男性の妊活でサプリは精子に有効?生活習慣も含めて詳しく解説

男性妊活サプリの画像

色々な情報に溢れる現代社会において、インターネットや雑誌にも、男性の妊活情報が多く取り上げられるようになりました。その中には、「〇〇を飲めば、精子が増える」とか、「〇〇を飲めば、精子の質が上がる」といった、根拠の不明確な情報をたくさん目にします。

そのような社会的な背景もあるかと思いますが、私のもとにご相談にみえる多くの男性不妊の大半の方は、様々な「精子サプリ」を飲んでいらっしゃいます。あなたは、精子に関するサプリメントについて、どのような情報をお探しですか?もしかしたら、パートナーにサプリメントをすすめた方が良いのかな?と考えている方もいらっしゃるかもしれません。

この記事では、精子に関するサプリメントの真実を語ります。ぜひ読んで頂き、お役立てください。

また当院を受診される前に、他のクリニックで、「精子が少ない」「精子の動きが悪い」「男性不妊です」と診断を受けたご夫婦から多くの質問を頂きます。よくある質問についても回答しますので、ぜひ参考にしてください。

目次

サプリメントは精子に有効なのか?

医薬品は、薬機法で「病気の診断、治療、予防に使用することを目的とした薬品」と定められています。また副作用に伴うリスクがあります。一方でサプリメントは、薬機法上、薬の作用があってはならず、あくまでも「栄養素を補充してくれるだけの食品」という定義です。

ですから一般的には、医薬品は専門家が管理して適切な処方をしてもらわないと危険なイメージがありますが、サプリメントは自分で管理できて、取り扱いも簡単で安心という認識を持たれている方が多いかと思います。

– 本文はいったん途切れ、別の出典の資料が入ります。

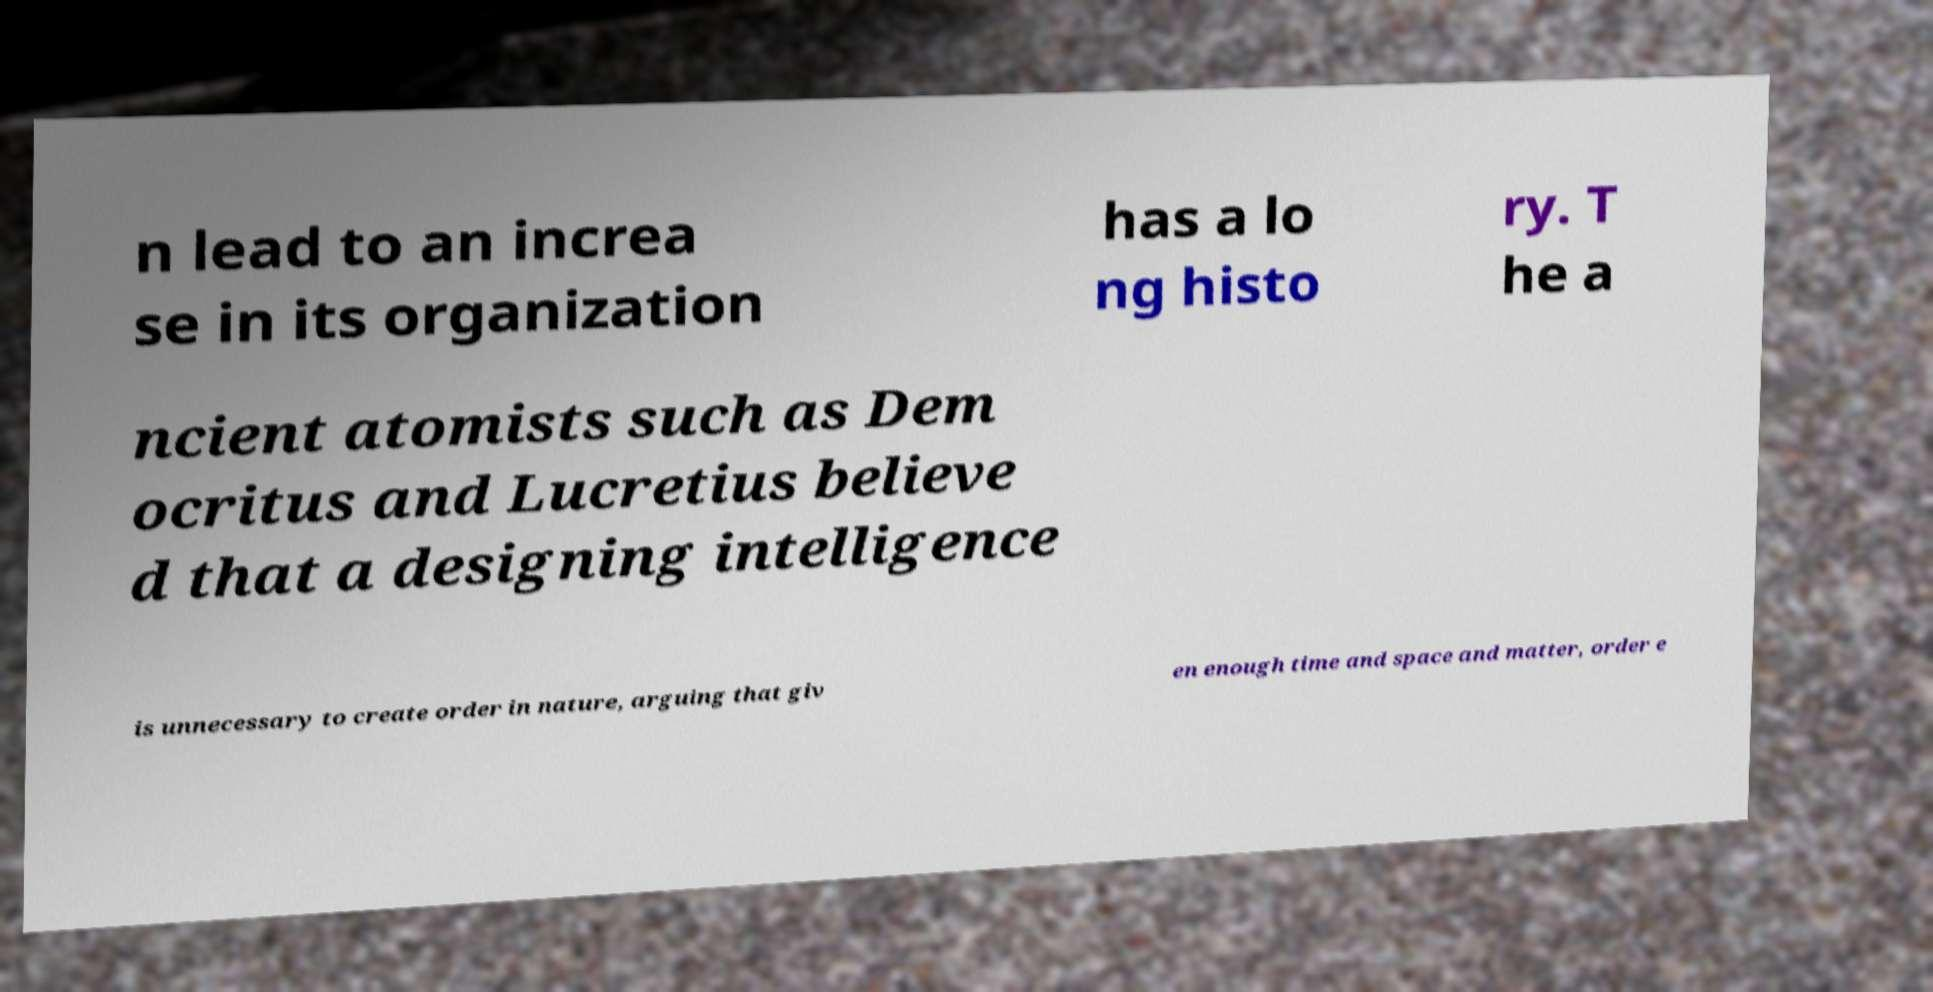Please identify and transcribe the text found in this image. n lead to an increa se in its organization has a lo ng histo ry. T he a ncient atomists such as Dem ocritus and Lucretius believe d that a designing intelligence is unnecessary to create order in nature, arguing that giv en enough time and space and matter, order e 
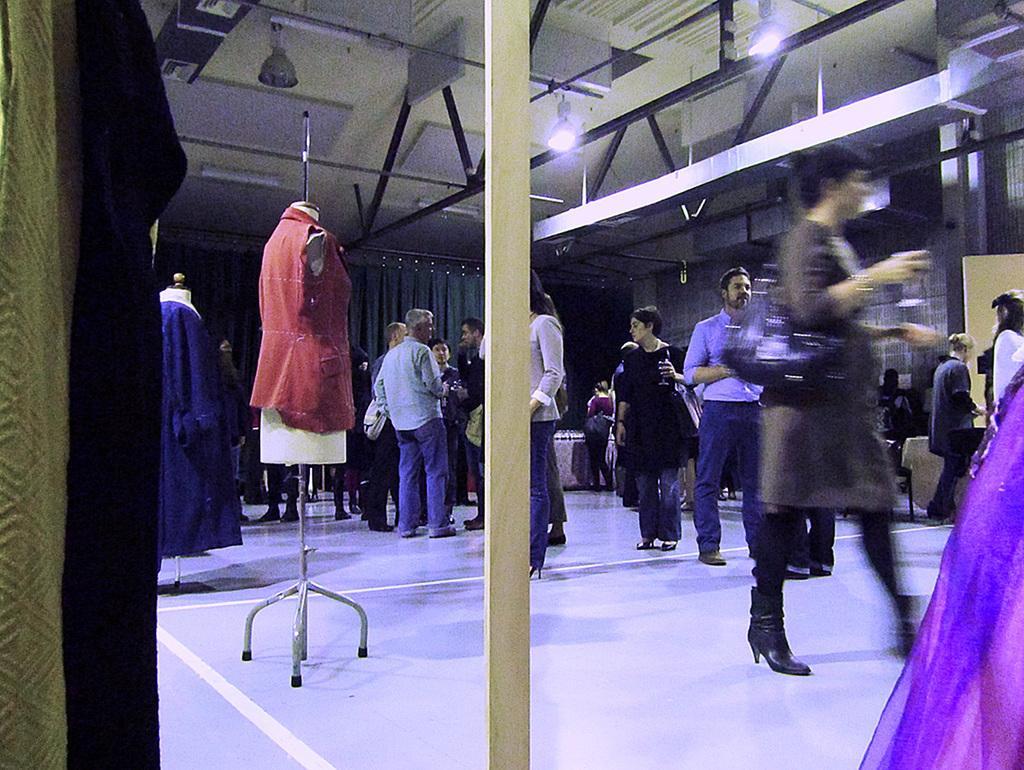Please provide a concise description of this image. There is a group of persons as we can see in the middle of this image. We can see roof at the top of this image and we can see mannequins on the left side of this image.

しかし、ここで重要な話をします。あくまでも食事の補助としてサプリメント適量を摂取していれば問題ありませんが、中には過剰に摂取することにより健康被害を招くものもありますまた結論から申し上げますと、サプリメントで精子は増えませんし、劣化した精子の質を改善させることもできません。この点を踏まえて、サプリメントの選択をしてください。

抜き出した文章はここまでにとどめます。